We first replace the binary constraint with the equivalent rank-one constraint $x^\top x = n$. However, this constraint is non-convex and is therefore relaxed to the following set of convex constraints:

\[\begin{equation} \Tr(X) = n, \quad X \succeq x x^\top \iff \begin{pmatrix} X & x \\ x^\top & 1 \end{pmatrix} \succeq 0. \end{equation}\]

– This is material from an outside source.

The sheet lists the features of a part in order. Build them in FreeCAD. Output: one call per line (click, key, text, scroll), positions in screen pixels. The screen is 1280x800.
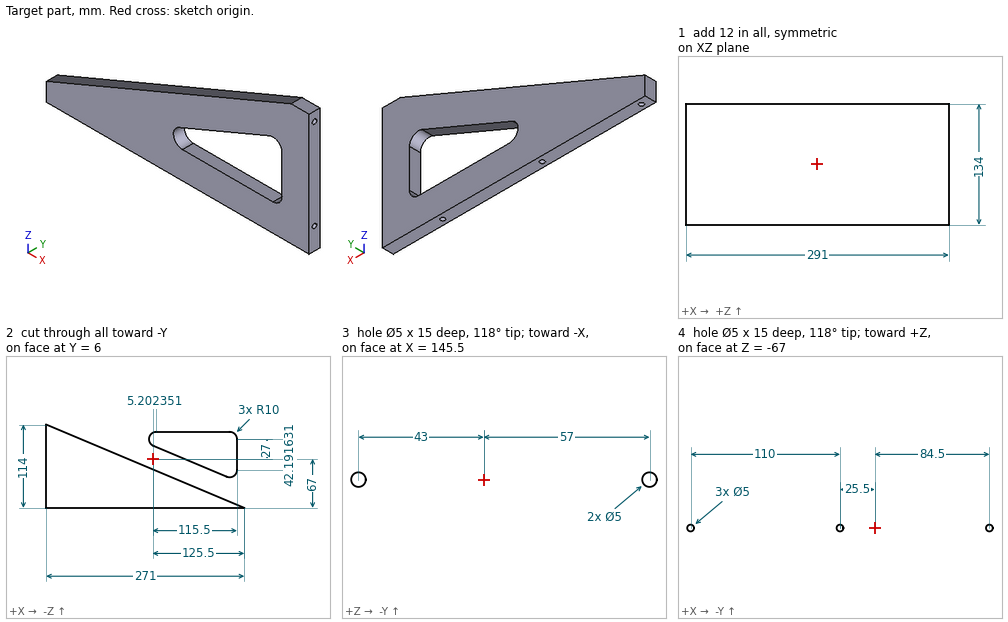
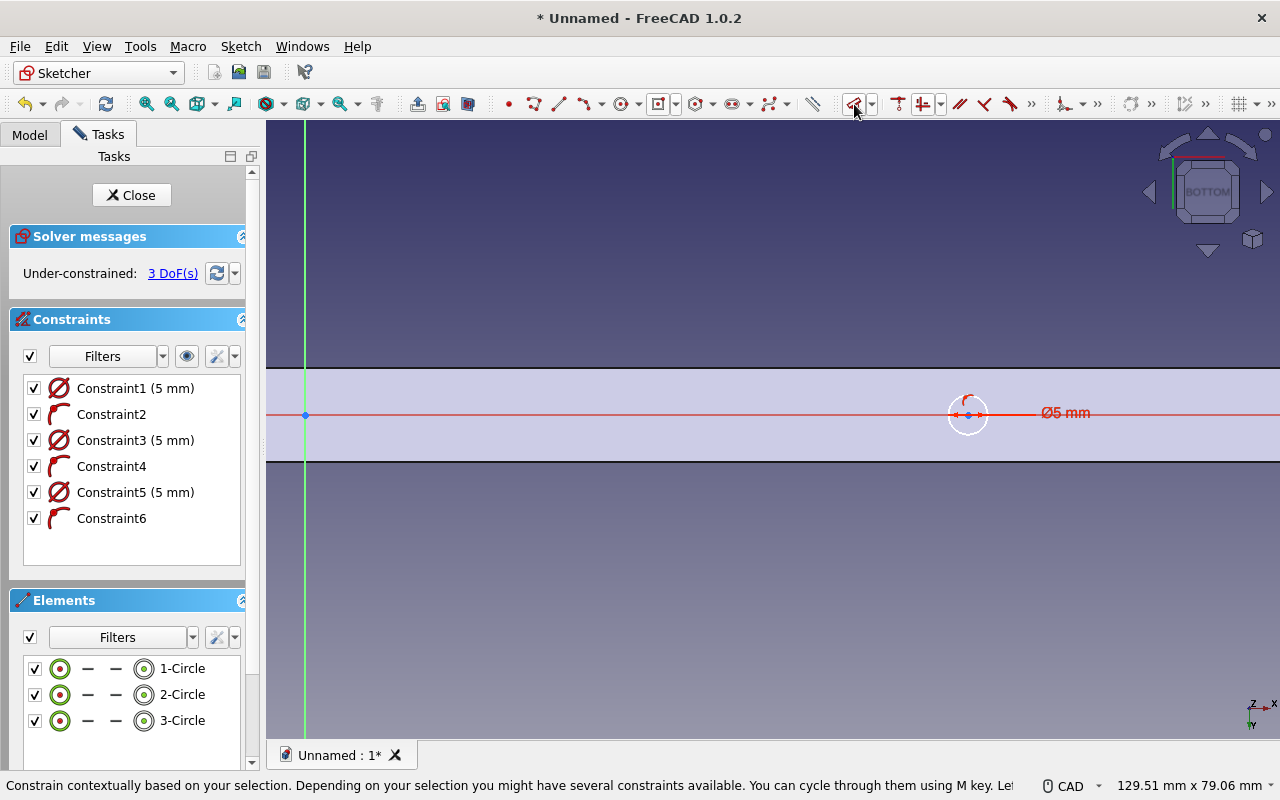
scroll(963, 436, down, 6)

The resulting optimization problem is then given by

\[\begin{equation} \begin{aligned} \label{eqn:SDP} &\minimize \limits_{X, x} && c^\top x \\ & \text{subject to} && \begin{pmatrix} X & x \\ x^\top & 1 \end{pmatrix} \succeq 0, \\ &&& \Tr({X}) = n, \\ &&& a^\top x = t, \end{aligned} \tag{SDP} \end{equation}\]

which is equivalent to the following problem with the linear constraint squared $(a^\top x - t)^2 = 0$, resulting in the following problem:

\[\begin{equation} \begin{aligned} &\minimize \limits_{X, x} && c^\top x \\ & \text{subject to} && \begin{pmatrix} X & x \\ x^\top & 1 \end{pmatrix} \succeq 0, \\ &&& \Tr(X) = n, \\ &&& \Tr(a a^\top X) - 2 t a^\top x + t^2 = 0. \end{aligned} \end{equation}\]

Given the PSD constraint and the fact that

\[\begin{equation} \Tr(a a^\top X) - 2 t a^\top x + t^2 = \Tr\left(\begin{pmatrix} X & x \\ x^\top & 1 \end{pmatrix} \begin{pmatrix} a a^\top & -t a \\ -t a^\top & t^2 \end{pmatrix} \right), \end{equation}\]

the squared linear constraint implies that

\[\begin{equation} \begin{pmatrix} X & x \\ x^\top & 1 \end{pmatrix} \begin{pmatrix} a \\ -t \end{pmatrix} = 0, \end{equation}\]

which is equivalent to $X a = t x$ and $a^\top x = t$. This is equivalent to a projection of the problem into a space of dimension $n-1$.